Teachers describe eerily similar essays and uniform code styles that pop up when generative systems do the heavy lifting. The work typically seems pristine but empty — the product of individuals who struggle with little understanding of logic, evidence or trade-offs. It’s the academic equivalent of fast food — convenient, consistent and nutritionally light.

Table of Contents
  • A Shortcut With Long-Term Costs for Student Learning
  • Pushback from Classrooms and Campuses Intensifies
  • What Responsible Use Is in Classrooms and Coursework
  • Skills Employers Continue to Look For in New Graduates
  • The Privacy and Equity Issues Raised by Classroom A.I.
  • A Practical Path Forward for Teaching with Generative A.I.
Students use AI on laptops in classroom as teachers worry about skills

A Shortcut With Long-Term Costs for Student Learning

Computer science professors say many first-time entrants can make the code compile into a syntactically proper, working solution but are unable to explain their reasoning regarding their algorithmic approach or trace execution.

As one educator described it, students “can drive the autopilot but not land the plane.” The result is brittle competence: speed on familiar tasks, confusion in new ones.

Survey data back the trend. Polls by the Pew Research Center, Intelligent.com and Common Sense Media show many students have tried generative A.I., often for homework or writing, with many using it to finish parts of assignments. Turnitin regularly reports millions of papers flagged for signs of A.I. writing, highlighting how far-reaching the change has now become.

The peril, experts say, is not that A.I. will rise up and attack us, but that people will so trust artificial intelligence that they may lose critical thinking skills. According to OECD research, basic skills — reading comprehension, numeracy and algorithmic thinking — correlate strongly with job mobility and earning power. Skipping the grind can cause slumps later.

Pushback from Classrooms and Campuses Intensifies

Yet a growing contingent of faculty members and educational researchers has been calling upon colleges not to adopt A.I. so uncritically. An open letter from technology professors urges universities to resist hype, protect academically rigorous standards and put critical thinking at the forefront. The message is getting through: Departments are rebalancing assessments to emphasize in-class writing, whiteboard problem-solving, oral defenses and “unplugged” labs.

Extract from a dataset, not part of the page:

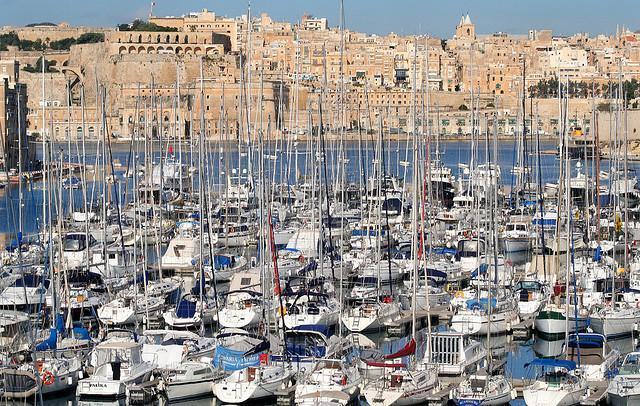How many boats are there?
Give a very brief answer. 10.

Some teachers, for example, now ask students to code checkpoint exercises unassisted and talk through trade-offs and complexity out loud. Others disjoin drafting and polishing passes: human-first outlines, solution sketches — maybe for A.I. refinement — and all the steps in between. The object is not prohibition; it’s maintaining the learning curve.

What Responsible Use Is in Classrooms and Coursework

Privacy experts in education stress utility more than novelty. The Public Interest Privacy Center and school leaders recommend vetting tools for clear learning value, data practices and standards alignment. The most powerful use cases are mundane: “mapping” curricular standards to teachers’ pre-existing resources, creating practice items aligned to known misconceptions or writing differentiated prompts that can be used in place of prep without changing instruction.

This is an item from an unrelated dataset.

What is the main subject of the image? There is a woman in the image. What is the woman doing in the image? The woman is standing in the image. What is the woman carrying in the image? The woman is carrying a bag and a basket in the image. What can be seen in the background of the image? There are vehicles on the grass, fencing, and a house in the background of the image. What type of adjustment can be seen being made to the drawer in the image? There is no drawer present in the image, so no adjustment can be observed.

Students rely on AI homework tools while teachers worry about eroding skills

A useful guardrail model is coming into focus: A.I. as coach, not ghostwriter. That is, A.I. for hints, exemplars and feedback about clarity — but never the spark of a thesis or algorithm. Transparent “process artifacts” are good here: outlines, pseudocode, references and change logs that make thinking visible and that diminish the appeal of plagiarism.

Skills Employers Continue to Look For in New Graduates

“Interviews and being on the job are still going to test fundamentals — hiring managers won’t let that go.” For engineers, those are questions around coding, the selection of data structures and system design: all tasks where answers based on pattern recognition make no sense. In non-technical fields, employers want to see argumentation, synthesizing across sources and challenging assumptions.

Studies from the World Economic Forum and the National Academies have shown a preference for critical thinking, problem-solving and communication. A.I. can make tasks go faster, but it doesn’t substitute for the judgment or transfer skills that determine whether someone can learn on the fly, lead a team to produce great work and make sound trade-offs in the face of uncertainty.

The Privacy and Equity Issues Raised by Classroom A.I.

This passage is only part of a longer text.